Each step costs, say, 6*N flop where N is parameter count. And then you do D steps, where D is how many data points you train on. So total flop cost is 6*N*D. When you fine-tune, you still spend 6*N for each data point, but you only need to train on 0.001D data points, at least according to the scaling laws, at least according to the orthodox interpretation around here.
I am frankly skeptical that this (section 3.9 in the pretrained frozen transformer paper) will hold up to Grad Student Descent on training parameters. But hey, maybe I’m wrong and there’s some nice property of the pretrained weights that can only be pushed into overfitting by finetuning.

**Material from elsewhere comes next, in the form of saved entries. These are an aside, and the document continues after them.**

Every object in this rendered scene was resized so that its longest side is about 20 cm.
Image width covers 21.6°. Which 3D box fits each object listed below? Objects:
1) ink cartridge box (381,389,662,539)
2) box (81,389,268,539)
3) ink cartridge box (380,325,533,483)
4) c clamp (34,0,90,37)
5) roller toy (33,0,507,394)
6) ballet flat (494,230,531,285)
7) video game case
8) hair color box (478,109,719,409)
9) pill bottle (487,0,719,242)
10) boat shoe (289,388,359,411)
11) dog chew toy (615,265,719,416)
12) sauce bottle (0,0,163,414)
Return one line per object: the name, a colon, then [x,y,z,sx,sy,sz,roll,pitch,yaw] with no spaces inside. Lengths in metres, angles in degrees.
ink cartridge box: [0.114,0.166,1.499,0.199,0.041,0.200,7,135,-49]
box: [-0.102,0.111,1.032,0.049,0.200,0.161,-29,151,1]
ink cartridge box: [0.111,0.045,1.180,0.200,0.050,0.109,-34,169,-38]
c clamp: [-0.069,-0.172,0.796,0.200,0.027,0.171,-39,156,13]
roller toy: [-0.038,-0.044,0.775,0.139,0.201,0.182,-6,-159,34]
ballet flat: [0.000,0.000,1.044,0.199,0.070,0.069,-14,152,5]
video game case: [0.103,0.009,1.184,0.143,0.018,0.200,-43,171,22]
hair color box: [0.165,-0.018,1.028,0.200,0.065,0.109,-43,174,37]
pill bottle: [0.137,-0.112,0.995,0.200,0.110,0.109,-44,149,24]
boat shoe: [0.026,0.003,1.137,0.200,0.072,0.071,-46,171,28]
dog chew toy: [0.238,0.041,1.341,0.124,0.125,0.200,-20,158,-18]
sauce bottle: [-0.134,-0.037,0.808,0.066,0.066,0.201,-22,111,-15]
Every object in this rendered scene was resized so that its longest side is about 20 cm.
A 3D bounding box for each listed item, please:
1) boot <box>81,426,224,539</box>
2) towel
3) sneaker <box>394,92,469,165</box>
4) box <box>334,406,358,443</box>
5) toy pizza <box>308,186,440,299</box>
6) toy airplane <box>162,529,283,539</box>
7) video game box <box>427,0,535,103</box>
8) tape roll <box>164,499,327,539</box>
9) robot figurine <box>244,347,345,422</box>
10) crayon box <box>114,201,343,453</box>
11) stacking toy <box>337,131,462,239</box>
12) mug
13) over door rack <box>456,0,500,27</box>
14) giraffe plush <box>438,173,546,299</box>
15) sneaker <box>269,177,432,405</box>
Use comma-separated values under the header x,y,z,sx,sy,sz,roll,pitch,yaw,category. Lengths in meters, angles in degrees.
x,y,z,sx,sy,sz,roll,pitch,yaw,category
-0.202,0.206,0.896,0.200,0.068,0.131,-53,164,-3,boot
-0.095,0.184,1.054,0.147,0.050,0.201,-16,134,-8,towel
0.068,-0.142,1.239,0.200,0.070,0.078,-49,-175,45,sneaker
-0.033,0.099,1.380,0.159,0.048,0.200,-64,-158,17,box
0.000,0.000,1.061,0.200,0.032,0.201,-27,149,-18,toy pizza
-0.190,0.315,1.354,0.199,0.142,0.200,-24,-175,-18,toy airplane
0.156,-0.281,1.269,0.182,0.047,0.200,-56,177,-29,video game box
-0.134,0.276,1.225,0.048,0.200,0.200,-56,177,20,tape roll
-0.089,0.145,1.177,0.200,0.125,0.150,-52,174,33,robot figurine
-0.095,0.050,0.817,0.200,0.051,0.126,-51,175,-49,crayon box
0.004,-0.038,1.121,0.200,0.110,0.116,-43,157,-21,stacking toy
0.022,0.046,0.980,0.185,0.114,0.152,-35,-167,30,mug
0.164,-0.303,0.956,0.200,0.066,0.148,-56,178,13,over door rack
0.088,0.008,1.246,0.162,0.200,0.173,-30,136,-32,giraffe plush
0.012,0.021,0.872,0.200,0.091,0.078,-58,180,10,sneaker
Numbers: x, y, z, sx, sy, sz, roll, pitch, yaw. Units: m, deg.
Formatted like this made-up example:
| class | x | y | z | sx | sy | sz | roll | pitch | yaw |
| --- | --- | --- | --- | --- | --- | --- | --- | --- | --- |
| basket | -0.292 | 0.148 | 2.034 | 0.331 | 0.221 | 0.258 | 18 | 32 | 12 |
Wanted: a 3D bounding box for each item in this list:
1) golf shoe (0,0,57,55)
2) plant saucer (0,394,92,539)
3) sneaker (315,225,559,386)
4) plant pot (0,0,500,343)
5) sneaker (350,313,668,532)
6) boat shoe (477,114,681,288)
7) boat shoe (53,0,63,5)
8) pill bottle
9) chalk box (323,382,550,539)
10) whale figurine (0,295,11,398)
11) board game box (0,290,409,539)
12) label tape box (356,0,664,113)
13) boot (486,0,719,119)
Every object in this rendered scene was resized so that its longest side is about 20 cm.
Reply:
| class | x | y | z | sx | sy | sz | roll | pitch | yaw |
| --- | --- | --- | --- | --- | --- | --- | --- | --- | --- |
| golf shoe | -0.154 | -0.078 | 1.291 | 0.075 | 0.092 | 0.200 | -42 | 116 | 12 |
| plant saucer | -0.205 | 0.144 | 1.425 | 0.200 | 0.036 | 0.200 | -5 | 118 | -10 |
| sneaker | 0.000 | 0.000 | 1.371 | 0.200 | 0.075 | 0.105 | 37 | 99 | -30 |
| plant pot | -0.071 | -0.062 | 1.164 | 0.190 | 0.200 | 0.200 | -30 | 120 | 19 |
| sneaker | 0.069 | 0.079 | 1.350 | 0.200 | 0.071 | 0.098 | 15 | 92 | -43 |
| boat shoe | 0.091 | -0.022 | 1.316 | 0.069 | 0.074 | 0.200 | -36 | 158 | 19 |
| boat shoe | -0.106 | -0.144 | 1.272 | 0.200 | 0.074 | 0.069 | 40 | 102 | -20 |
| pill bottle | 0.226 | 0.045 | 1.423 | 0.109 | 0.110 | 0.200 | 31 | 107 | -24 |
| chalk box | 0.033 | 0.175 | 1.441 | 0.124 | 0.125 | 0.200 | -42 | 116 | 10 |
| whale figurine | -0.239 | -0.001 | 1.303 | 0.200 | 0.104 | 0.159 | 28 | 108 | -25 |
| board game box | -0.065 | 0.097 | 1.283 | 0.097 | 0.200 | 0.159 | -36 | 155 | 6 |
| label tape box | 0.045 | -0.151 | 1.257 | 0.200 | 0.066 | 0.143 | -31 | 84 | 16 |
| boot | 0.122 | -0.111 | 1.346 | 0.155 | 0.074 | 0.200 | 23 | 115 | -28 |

I think it’s plausible that the data dependence will act like it’s 3 OOM smaller. Compute dependence will be different, though, right? Even if you’re just finetuning part of the model you have to run the whole thing to do evaluation. In a sense this actually seems like the worst of both worlds (but you get the benefit from pretraining).
Edit: Actually, I’m confused why you say a smaller model needs that factor fewer steps. I thought the slope on that one was actually quite gentle. It’s just that smaller models are cheap—or am I getting it wrong?
I think compute cost equals data x parameters, so even if parameters are the same, if data is 3 OOM smaller, then compute cost will be 3 OOM smaller.
I’m not sure I understand your edit question. I’m referring to the scaling laws as discussed and interpreted by Ajeya. Perhaps part of what’s going on is that in the sizes of model we’ve explored so far, bigger models only need a little bit more data, because bigger models are more data-efficient. But very soon it is prophecied that this will stop and we will transition to a slower scaling law according to which we need to increase data by almost as much as we increase parameter count. So that’s the relevant one I’m thinking about when thinking about TAI/AGI/etc.
I’m not sure how your reply relates to my guess, so I’m a little worried.
If you’re intending the compute comment to be in opposition to my first paragraph, then no—when finetuning a subset of the parameters, compute is not simply proportional to the size of the subset you’re finetuning, because you still have to do all the matrix multiplications of the original model, both for inference and gradient propagation. I think the point for the paper only finetuning a subset was to make a scientific point, not save compute.
My edit question was just because you said something about expecting the # of steps to be 3 OOM for a 3 OOM smaller model. But iirc really it’s more like the compute will be smaller, but the # of steps won’t change much (they’re just cheaper).
Do you have a reference for this picture of “need lots more data to get performance improvements?” I’ve also heard some things about a transition, but as a transition from compute-limited to data-limited, which means “need lots more compute to get performance improvements.”
I totally agree that you still have to do all the matrix multiplications of the original model etc. etc. I’m saying that you’ll need to do them fewer times, because you’ll be training on less data.
Each step costs, say, 6*N flop where N is parameter count. And then you do D steps, where D is how many data points you train on. So total flop cost is 6*N*D. When you fine-tune, you still spend 6*N for each data point, but you only need to train on 0.001D data points, at least according to the scaling laws, at least according to the orthodox interpretation around here.
I’d recommend reading Ajeya’s report (found here) for more on the scaling laws. There’s also this comment thread.
Sure, but if you’re training on less data it’s because fewer parameters is worse :P
Not according to this paper! They were able to get performance comparable to full-size networks, it seems. IDK.
I am frankly skeptical that this (section 3.9 in the pretrained frozen transformer paper) will hold up to Grad Student Descent on training parameters. But hey, maybe I’m wrong and there’s some nice property of the pretrained weights that can only be pushed into overfitting by finetuning.